I really don't want to cut blogging out of my schedule for a variety of reasons. (1) I love blogging. It gives me an outlet to express a lot of my feelings in an essay-esque form, and I have a lot of things I like to express. (2) Some of my friends back in Atlanta read it, and it helps them keep in contact with me. (3) It makes me feel like a part of a community, the crazy, writer-wanna-be community. But I love being a part of that community.

So I will be back. And I will manage to do all the other things I need to do this semester.

And next semester will be peaches and creme. No more classes. No more thesis. Just work and novel writing. Yay!!

Thursday, September 1, 2011

Dragon*Con Prep

I know. I haven't posted at all since I said I was changing the schedule. Bad me. I know. But in my defense classes did just start, my super awesome best friend Alisha did just get married, and Dragon*Con is this weekend.

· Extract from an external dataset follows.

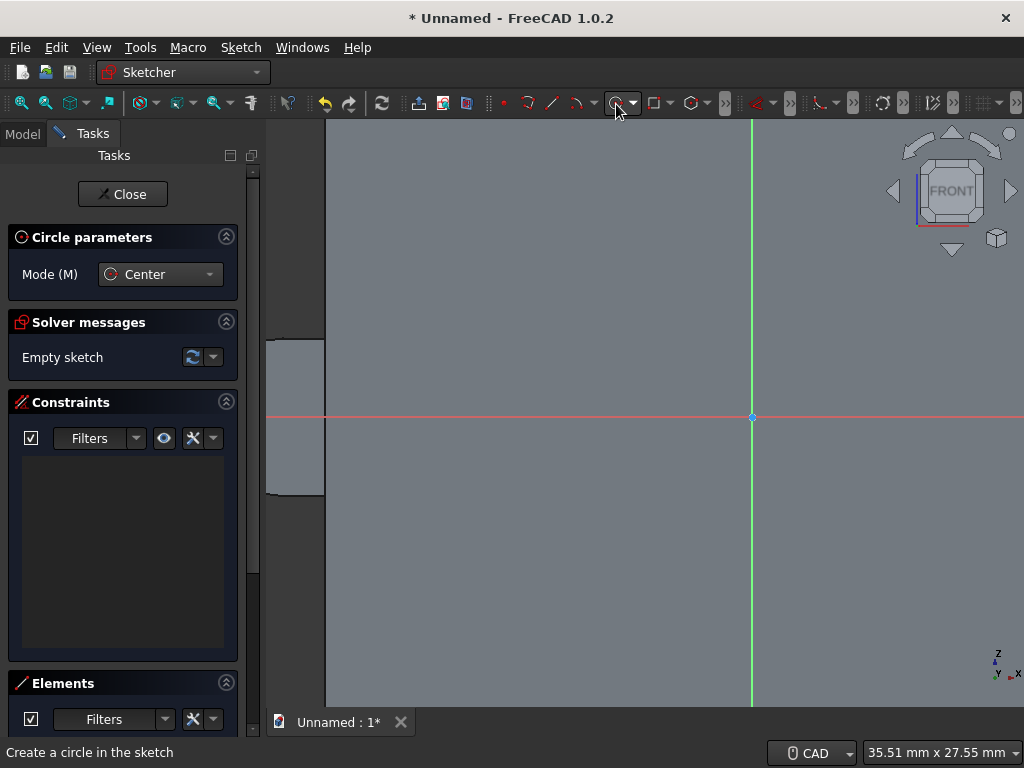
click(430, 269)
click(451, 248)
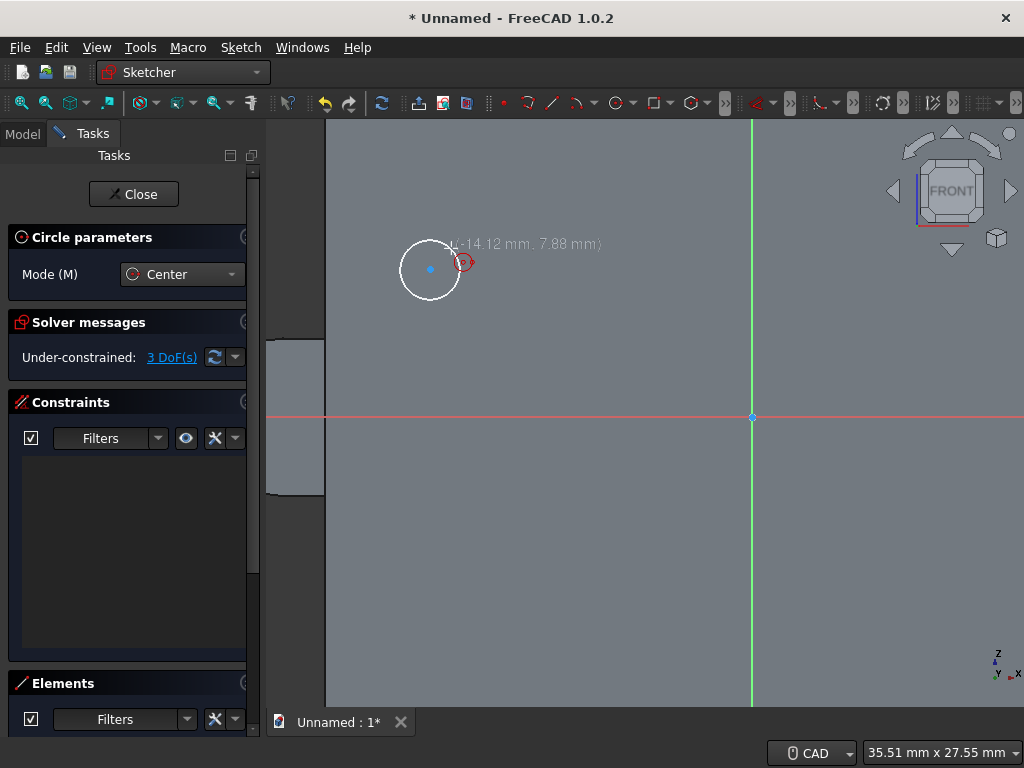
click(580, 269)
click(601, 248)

So I spent last week trying to figure out how distance learning works and writing a speech for Alisha's wedding (since I was maid of honor). And I had to fly back to Atlanta for the wedding and there was craziness.

And this weekend I have to fly back to Atlanta again for a different sort of craziness.

I've been prepping for Dragon*Con all month, mainly trying to get my costume together. "WHAT?" you ask. "YOU'RE DRESSING UP! You nerd." Why yes. I am a nerd. I am also a geek. And as such, I have this quote to counter your judgement of my nerdiness and geekiness:
"Nerds like us are allowed to be unironically enthusiastic about stuff. Nerds are allowed to love stuff, like jump-up-and-down-can't-control yourself love it. When people call people nerds, mostly what they're saying is "You like stuff." Which is not a good insult at all. Like "You are too enthusiastic about the miracle of the human consciousness." ~John Green
Hah. So there. Don't judge me for enthusiasm and excitement.

(I would argue that every use of the word nerd should be replaced with geek, but that's just my personal definition of those words.)

Anyway, I've been getting my costume together and one of them is a steampunk costume. People keep asking me what that is so let me post this video as the answer to that question:


(Note: I am not, nor have I ever been, a Goth--not a judgement of those who are/were, just a statement of fact--but I do love Steampunk)

I think the Sci-Fi janitor videos are one of my favorite parts of Dragon*Con. dc*tv in general is awesome, but the Sci-Fi janitors were a pure stroke of genius. I mean how can you not watch this video without laughing:


So yeah. I should be back on Tuesday with my new regular blogging schedule and a Dragon*Con recap. See you then!

Monday, August 22, 2011

Fall Semester Schedule

It’s a vast understatement to say that this summer did not turn out as I expected it to. If you had asked me last April what I thought I would be doing this summer, I would have told you going to Florida for my co-op, reading a lot of books, and blogging regularly. Turns out none of that was true. I got offered a full time job in Albuquerque, I only read about 10 books, and well, you can be the judge of whether I blogged regularly or not.

Despite my full time job, I’m not actually done with school. I have one more class and my master’s project left to complete. Which means this next semester is going to be crazy. Not only is my work going to be busy, but I have to take a class and complete my research for school. Essentially, if I survive this semester without pulling my hair out, it will be because of the grace of God.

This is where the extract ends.